To do –
Every entry below is to be copied exactly, with nothing omitted.

[Excerpts from a dataset]
== Segment start ==

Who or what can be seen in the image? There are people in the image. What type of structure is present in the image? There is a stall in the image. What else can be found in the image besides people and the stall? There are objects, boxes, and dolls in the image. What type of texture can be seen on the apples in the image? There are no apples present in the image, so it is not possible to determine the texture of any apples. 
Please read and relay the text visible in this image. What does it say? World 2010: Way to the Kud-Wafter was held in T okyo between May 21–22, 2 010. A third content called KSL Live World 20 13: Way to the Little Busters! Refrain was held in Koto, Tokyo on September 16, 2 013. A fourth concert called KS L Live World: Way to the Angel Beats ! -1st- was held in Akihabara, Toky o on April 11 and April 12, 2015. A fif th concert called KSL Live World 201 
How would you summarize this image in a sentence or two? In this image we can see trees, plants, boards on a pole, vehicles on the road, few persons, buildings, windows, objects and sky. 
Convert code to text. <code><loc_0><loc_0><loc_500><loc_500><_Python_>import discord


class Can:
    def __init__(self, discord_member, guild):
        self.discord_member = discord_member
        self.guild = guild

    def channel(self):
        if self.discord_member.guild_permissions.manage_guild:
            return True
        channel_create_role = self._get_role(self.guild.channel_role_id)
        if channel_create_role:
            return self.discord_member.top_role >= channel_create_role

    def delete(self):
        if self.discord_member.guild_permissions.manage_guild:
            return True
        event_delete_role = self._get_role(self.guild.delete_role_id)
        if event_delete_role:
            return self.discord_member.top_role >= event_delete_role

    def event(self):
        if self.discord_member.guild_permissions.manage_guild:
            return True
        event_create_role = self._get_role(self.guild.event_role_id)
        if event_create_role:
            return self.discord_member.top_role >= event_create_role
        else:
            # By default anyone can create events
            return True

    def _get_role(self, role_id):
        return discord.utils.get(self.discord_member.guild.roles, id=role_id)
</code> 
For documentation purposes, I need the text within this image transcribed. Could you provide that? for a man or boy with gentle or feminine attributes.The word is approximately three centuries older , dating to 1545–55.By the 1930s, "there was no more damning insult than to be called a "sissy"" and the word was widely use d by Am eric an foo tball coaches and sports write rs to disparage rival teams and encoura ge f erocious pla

== Segment end ==

Exercise answer –
Who or what can be seen in the image? There are people in the image. What type of structure is present in the image? There is a stall in the image. What else can be found in the image besides people and the stall? There are objects, boxes, and dolls in the image. What type of texture can be seen on the apples in the image? There are no apples present in the image, so it is not possible to determine the texture of any apples. 
Please read and relay the text visible in this image. What does it say? World 2010: Way to the Kud-Wafter was held in T okyo between May 21–22, 2 010. A third content called KSL Live World 20 13: Way to the Little Busters! Refrain was held in Koto, Tokyo on September 16, 2 013. A fourth concert called KS L Live World: Way to the Angel Beats ! -1st- was held in Akihabara, Toky o on April 11 and April 12, 2015. A fif th concert called KSL Live World 201 
How would you summarize this image in a sentence or two? In this image we can see trees, plants, boards on a pole, vehicles on the road, few persons, buildings, windows, objects and sky. 
Convert code to text. <code><loc_0><loc_0><loc_500><loc_500><_Python_>import discord


class Can:
    def __init__(self, discord_member, guild):
        self.discord_member = discord_member
        self.guild = guild

    def channel(self):
        if self.discord_member.guild_permissions.manage_guild:
            return True
        channel_create_role = self._get_role(self.guild.channel_role_id)
        if channel_create_role:
            return self.discord_member.top_role >= channel_create_role

    def delete(self):
        if self.discord_member.guild_permissions.manage_guild:
            return True
        event_delete_role = self._get_role(self.guild.delete_role_id)
        if event_delete_role:
            return self.discord_member.top_role >= event_delete_role

    def event(self):
        if self.discord_member.guild_permissions.manage_guild:
            return True
        event_create_role = self._get_role(self.guild.event_role_id)
        if event_create_role:
            return self.discord_member.top_role >= event_create_role
        else:
            # By default anyone can create events
            return True

    def _get_role(self, role_id):
        return discord.utils.get(self.discord_member.guild.roles, id=role_id)
</code> 
For documentation purposes, I need the text within this image transcribed. Could you provide that? for a man or boy with gentle or feminine attributes.The word is approximately three centuries older , dating to 1545–55.By the 1930s, "there was no more damning insult than to be called a "sissy"" and the word was widely use d by Am eric an foo tball coaches and sports write rs to disparage rival teams and encoura ge f erocious pla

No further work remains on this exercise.